First, why crawlers with proxy IP?
Engaged in data collection of the old iron know, the site is now like a thief staring at the crawler. Last week I took the company intranet to try my hand, did not hang the proxy directly open crawl, the results of 5 minutes to be blocked IP, even dragged the entire department disconnected for half an hour, and was almost invited to drink tea by the leadership.
at this momentproxy IPIt's your invisibility cloak. If you go to the supermarket to try out food and always use one plate to get the food (fixed IP), the waiter will definitely stop you. If you change a different plate each time (proxy IP), people will not recognize it. Our ipipgo proxy pool is large, the country has 5 million + dynamic residential IP, change IP than change socks more diligent.
Second, Jsoup with the correct posture of the proxy
A lot of tutorials teach people to use System.setProperty to set up the proxy, that is the younger brother to play! What's really reliable is to use the Connection object to hook up the proxy directly. Look at this code:
// Note that you have to import the ipipgo SDK here.
import com.ipipgo.proxy.;.
...
Document doc = Jsoup.connect("destination URL")
.proxy(ipipgo.getProxy()) // The key is in this line! Get the proxy dynamically
.timeout(30000)
.userAgent("Mozilla/5.0 (Windows NT 10.0) decent browser")
.get();
Highlight it three times:Don't use free agents! Don't use free proxies! Don't use free proxies!Before the cheap use of the pheasant proxy, the result of climbing to the data are all advertisements, the party almost sued me. ipipgo's exclusive proxy line has a dedicated maintenance, the response speed can be pressed in 200ms or less.
Third, the actual battle in the tawdry operation
When you come across a site that is hard to crawl, I'll teach you a trick:IP+UA+Cookie 3-piece rotation. Here's a real case:
| be tactful | effect | ipipgo configuration recommendations |
|---|---|---|
| Single IP Continuous Access | It'll be closed in 10 minutes. | Enable automatic switching mode |
| IP+Browser Fingerprinting | Survive for 2 hours | Bind static residential IP |
The last time I crawled an e-commerce site for price data, I used ipipgo'sIntelligent Routingfunction, automatically matching the IP of the target server location, the collection speed is directly doubled. Here is a pit to note: do not write a dead proxy address in the code, to use their API to dynamically obtain, so that the IP will automatically change when it fails.

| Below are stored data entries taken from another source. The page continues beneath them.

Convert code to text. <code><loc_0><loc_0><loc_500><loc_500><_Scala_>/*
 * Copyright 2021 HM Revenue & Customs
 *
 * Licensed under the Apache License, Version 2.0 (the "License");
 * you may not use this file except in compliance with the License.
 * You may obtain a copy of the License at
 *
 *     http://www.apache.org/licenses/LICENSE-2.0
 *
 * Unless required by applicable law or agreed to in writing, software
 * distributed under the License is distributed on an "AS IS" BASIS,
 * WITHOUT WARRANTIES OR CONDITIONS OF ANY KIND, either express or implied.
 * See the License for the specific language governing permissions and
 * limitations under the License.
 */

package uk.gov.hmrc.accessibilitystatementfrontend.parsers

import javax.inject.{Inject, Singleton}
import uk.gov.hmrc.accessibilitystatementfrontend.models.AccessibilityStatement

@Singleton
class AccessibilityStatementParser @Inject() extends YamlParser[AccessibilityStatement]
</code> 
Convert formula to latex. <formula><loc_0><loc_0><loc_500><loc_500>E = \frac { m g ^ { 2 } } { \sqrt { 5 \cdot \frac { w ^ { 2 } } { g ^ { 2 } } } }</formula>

IV. Common rollover site QA
Q: What should I do if the agent suddenly fails to connect?
A: First call ipipgo ping interface detection, if the return code = 502, immediately change the alternate line. Their console has real-time monitoring, which is more reliable than writing your own retry mechanism.

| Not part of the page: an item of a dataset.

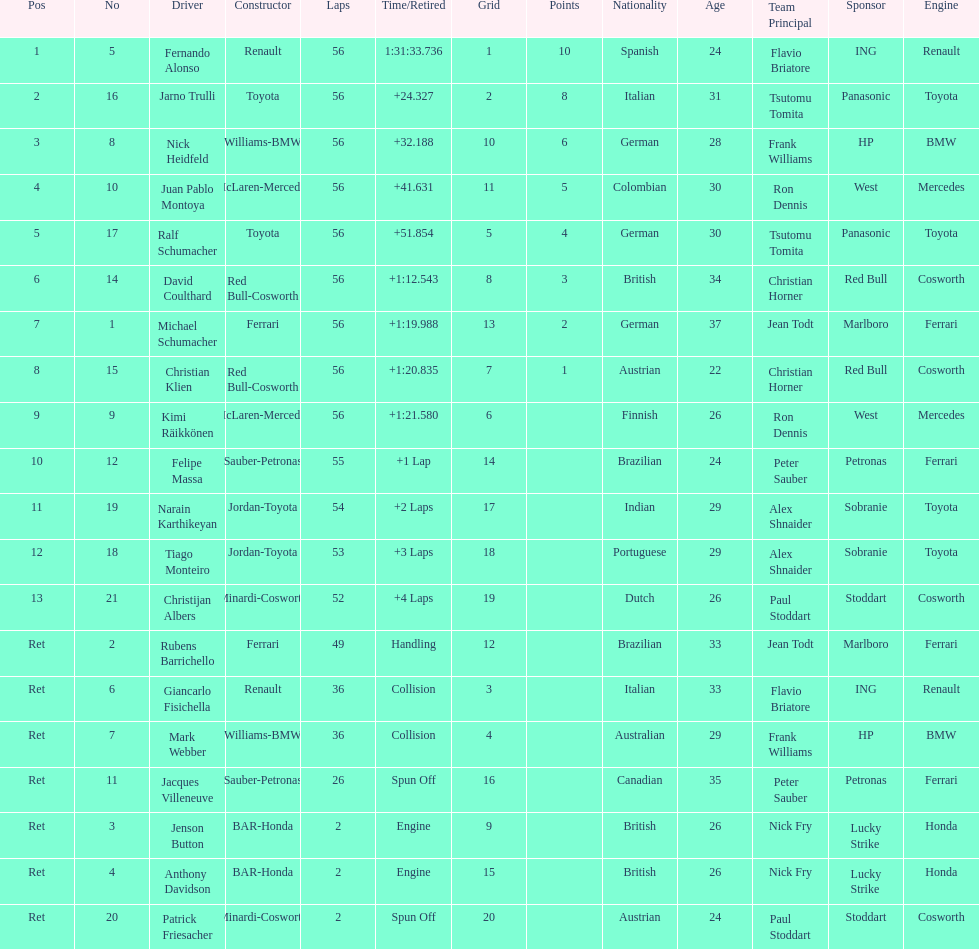How many drivers ended the race early because of engine problems? 2.

Q: What should I do if I am bombarded with CAPTCHAs?
A: Don't tough it out! Reduce the request frequency to 1 request/5 seconds while turning on ipipgo'shigh stash modelThe method of crawling is not a good one. Pro-tested effective, last week with this method to crawl 100,000 data did not trigger the verification.
Q: How can I tell if the proxy is really in effect?
A: Add a log output to the code:
System.out.println("Currently using proxy:" + ipipgo.getCurrentProxy());
V. Say something heartfelt
I've used seven or eight agency services, and finally used ipipgo for a long time for three reasons: one is that their homeIt's so responsive.The second is that the IP pool is large enough to do the national data collection can be accurate to the district and county level; the third is that the billing is flexible, such as our small team with the volume package, a month is only a hundred dollars.
A final reminder for newbies:Don't save money on agents.The cost of handling dirty data is not enough to cover the cost of the proxy fee. Last time I saw an old man with a free agent to climb the data, the results into the library found that 30% are messy code, crying too late.